Instructions for the task: Only the lines from the one that contains "- cake pan box <box>0,315,39,429</box>" through the last line of the data below should be duplicated, exactly and without pictures.

=======

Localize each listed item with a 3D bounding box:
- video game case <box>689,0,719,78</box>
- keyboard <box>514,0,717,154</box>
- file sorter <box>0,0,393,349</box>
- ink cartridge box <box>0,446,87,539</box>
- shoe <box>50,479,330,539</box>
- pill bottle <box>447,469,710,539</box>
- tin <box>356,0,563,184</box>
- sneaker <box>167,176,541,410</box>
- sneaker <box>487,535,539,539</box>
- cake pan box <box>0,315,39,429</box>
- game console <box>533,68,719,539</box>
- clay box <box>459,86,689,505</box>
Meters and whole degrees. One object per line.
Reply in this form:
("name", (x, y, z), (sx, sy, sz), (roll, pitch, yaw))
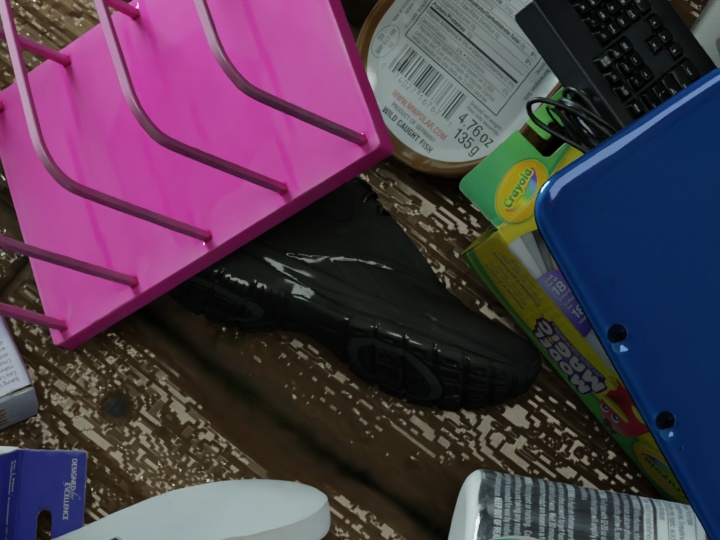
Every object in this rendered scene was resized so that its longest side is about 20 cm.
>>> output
("video game case", (0.208, -0.060, 1.057), (0.143, 0.018, 0.200), (39, 62, -8))
("keyboard", (0.154, -0.056, 0.998), (0.104, 0.040, 0.200), (-38, 91, -29))
("file sorter", (-0.116, -0.079, 0.980), (0.199, 0.125, 0.140), (-30, 65, 24))
("ink cartridge box", (-0.222, 0.126, 0.970), (0.198, 0.037, 0.096), (3, 92, -17))
("shoe", (-0.099, 0.164, 0.987), (0.199, 0.071, 0.092), (-16, 110, -33))
("pill bottle", (0.138, 0.159, 0.986), (0.198, 0.106, 0.107), (10, 69, -2))
("tin", (0.079, -0.133, 1.074), (0.112, 0.042, 0.200), (41, 102, 11))
("sneaker", (0.000, 0.000, 1.052), (0.199, 0.076, 0.091), (24, 66, 3))
("sneaker", (0.006, 0.179, 0.915), (0.080, 0.200, 0.072), (-11, 67, -51))
("cake pan box", (-0.278, 0.022, 1.028), (0.199, 0.052, 0.185), (-25, 72, -14))
("game console", (0.180, -0.004, 0.973), (0.118, 0.171, 0.201), (-24, 106, 22))
("clay box", (0.138, 0.008, 1.043), (0.115, 0.048, 0.200), (-41, 91, -26))
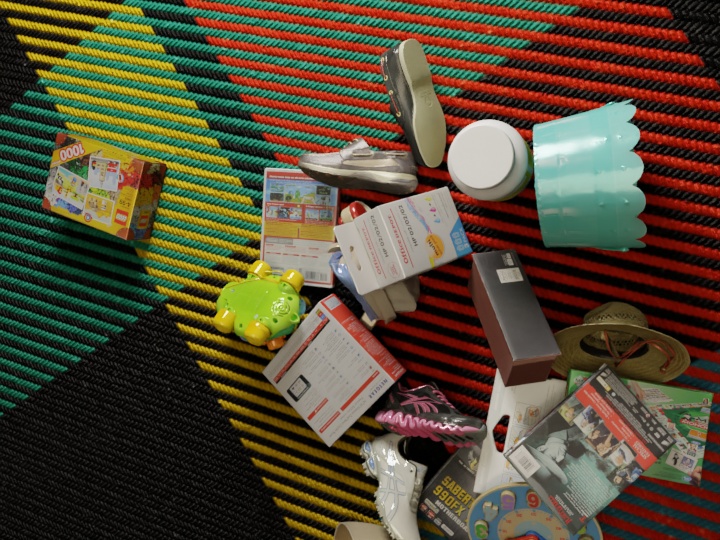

=======

Expected answer:
- cake pan box <box>0,315,39,429</box>
- game console <box>533,68,719,539</box>
- clay box <box>459,86,689,505</box>
Meters and whole degrees. One object per line.
Reply in this form:
("name", (x, y, z), (sx, sy, sz), (roll, pitch, yaw))
Every object in this rendered scene was resized so that its longest side is about 20 cm.
>>> output
("video game case", (0.208, -0.060, 1.057), (0.143, 0.018, 0.200), (39, 62, -8))
("keyboard", (0.154, -0.056, 0.998), (0.104, 0.040, 0.200), (-38, 91, -29))
("file sorter", (-0.116, -0.079, 0.980), (0.199, 0.125, 0.140), (-30, 65, 24))
("ink cartridge box", (-0.222, 0.126, 0.970), (0.198, 0.037, 0.096), (3, 92, -17))
("shoe", (-0.099, 0.164, 0.987), (0.199, 0.071, 0.092), (-16, 110, -33))
("pill bottle", (0.138, 0.159, 0.986), (0.198, 0.106, 0.107), (10, 69, -2))
("tin", (0.079, -0.133, 1.074), (0.112, 0.042, 0.200), (41, 102, 11))
("sneaker", (0.000, 0.000, 1.052), (0.199, 0.076, 0.091), (24, 66, 3))
("sneaker", (0.006, 0.179, 0.915), (0.080, 0.200, 0.072), (-11, 67, -51))
("cake pan box", (-0.278, 0.022, 1.028), (0.199, 0.052, 0.185), (-25, 72, -14))
("game console", (0.180, -0.004, 0.973), (0.118, 0.171, 0.201), (-24, 106, 22))
("clay box", (0.138, 0.008, 1.043), (0.115, 0.048, 0.200), (-41, 91, -26))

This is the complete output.